The general principles defined herein may be applied to other embodiments and applications without departing from the spirit and scope of the present invention. Thus, the present invention is not intended to be limited to the embodiments shown, but is to be accorded the widest scope consistent with the principles and features disclosed herein.

Adaptive filtering is provided to separate noise from a desired signal. Thus no calibration is needed, and an acoustic echo path may also be calculated. A double talk detector is provided. This can prevent divergence of the adaptive filter. A noise estimation unit is provided to estimate the noise signal. A dynamic gain calculation module is provided. This can calculate auditory masking thresholds for both echo and noise. It can also apply frequency dependent gains. For example these gains may have a lower bound at which the loudspeaker signal is just audible over the noise. They could have an upper bound at which the loudspeaker signal just causes the noise to become inaudible. If the gains are kept within these limits then both the loudspeaker signal and the environment can be expected always to be audible.

In example apparatus, a microphone monitors the sound environment of the user of, for example, a hands-free kit for a mobile telephone. The microphone signal is passed to a double talk detector and an adaptive filter to separate it into ambient noise, user speech, and the echo of the loudspeaker signal. It is then processed by a noise estimation module and a dynamic gain calculation unit determines the frequency-specific gains to apply to the loudspeaker signal so that, in an ideal implementation, the user hears the echo of the loudspeaker signal as they would hear the primary audio input signal in the absence of all other sounds and distorting effects.

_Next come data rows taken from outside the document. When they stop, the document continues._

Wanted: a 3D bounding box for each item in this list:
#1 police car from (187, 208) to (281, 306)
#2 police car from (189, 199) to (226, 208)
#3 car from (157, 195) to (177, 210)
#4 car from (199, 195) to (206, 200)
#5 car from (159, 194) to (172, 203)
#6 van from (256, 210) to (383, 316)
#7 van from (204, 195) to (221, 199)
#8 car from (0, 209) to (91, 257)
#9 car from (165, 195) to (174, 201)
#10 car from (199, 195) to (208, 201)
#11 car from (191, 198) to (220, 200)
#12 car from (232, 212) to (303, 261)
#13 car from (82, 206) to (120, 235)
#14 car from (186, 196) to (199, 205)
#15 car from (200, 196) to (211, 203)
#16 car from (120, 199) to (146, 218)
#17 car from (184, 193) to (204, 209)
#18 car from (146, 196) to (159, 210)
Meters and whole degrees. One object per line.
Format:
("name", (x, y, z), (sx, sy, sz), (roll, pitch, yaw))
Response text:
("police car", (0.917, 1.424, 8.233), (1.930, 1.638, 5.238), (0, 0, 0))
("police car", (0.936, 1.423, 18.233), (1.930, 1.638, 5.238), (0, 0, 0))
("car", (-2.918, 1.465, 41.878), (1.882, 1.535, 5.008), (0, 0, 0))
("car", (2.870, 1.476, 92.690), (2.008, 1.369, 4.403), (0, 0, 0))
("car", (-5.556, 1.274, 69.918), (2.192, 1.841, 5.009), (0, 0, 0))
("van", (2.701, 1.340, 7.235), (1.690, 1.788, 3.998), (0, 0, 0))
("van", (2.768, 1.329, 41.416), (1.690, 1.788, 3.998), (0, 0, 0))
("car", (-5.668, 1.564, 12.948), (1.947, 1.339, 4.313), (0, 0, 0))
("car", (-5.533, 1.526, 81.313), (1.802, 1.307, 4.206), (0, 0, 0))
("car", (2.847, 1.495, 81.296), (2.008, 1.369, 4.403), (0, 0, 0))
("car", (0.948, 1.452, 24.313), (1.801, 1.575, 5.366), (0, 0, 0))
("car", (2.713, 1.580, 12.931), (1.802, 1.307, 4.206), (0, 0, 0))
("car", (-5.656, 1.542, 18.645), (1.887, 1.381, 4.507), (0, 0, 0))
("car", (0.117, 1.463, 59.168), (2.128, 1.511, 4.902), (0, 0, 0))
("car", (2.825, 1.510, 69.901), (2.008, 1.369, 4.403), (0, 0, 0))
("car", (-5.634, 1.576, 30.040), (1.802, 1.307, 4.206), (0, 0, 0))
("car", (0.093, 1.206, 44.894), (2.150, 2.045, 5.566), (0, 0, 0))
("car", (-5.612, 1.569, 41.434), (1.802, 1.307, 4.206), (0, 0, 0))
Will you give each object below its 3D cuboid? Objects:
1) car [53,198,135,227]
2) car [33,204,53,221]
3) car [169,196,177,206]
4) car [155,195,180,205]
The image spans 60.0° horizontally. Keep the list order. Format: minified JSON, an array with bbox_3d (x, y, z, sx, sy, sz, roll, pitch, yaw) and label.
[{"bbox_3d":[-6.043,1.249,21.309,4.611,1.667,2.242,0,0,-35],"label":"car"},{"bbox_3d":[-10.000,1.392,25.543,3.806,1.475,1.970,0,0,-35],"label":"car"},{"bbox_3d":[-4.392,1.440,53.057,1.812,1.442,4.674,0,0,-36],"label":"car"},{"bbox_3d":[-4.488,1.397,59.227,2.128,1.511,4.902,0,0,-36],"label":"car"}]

The example system shown in FIG. 5 may be implemented in a hands-free system for using a mobile telephone in a car. The primary audio input signal x(n), in this case the speech signal of the person the user is conversing with, is received by the system at audio source 2. A modified version of the primary audio input signal, {circumflex over (x)}(n), is played out through the loudspeaker 6. This signal is propagated by the interior of the automobile through the acoustic path q(n), for example by reflection off the interior surfaces of the vehicle. This generates the echo signal c(n). The ambient noise at the microphone is v(n). The sound pressure level at the microphone is the sum of the ambient noise signal v(n), the echo signal c(n), and the user's own speech signal, s(n).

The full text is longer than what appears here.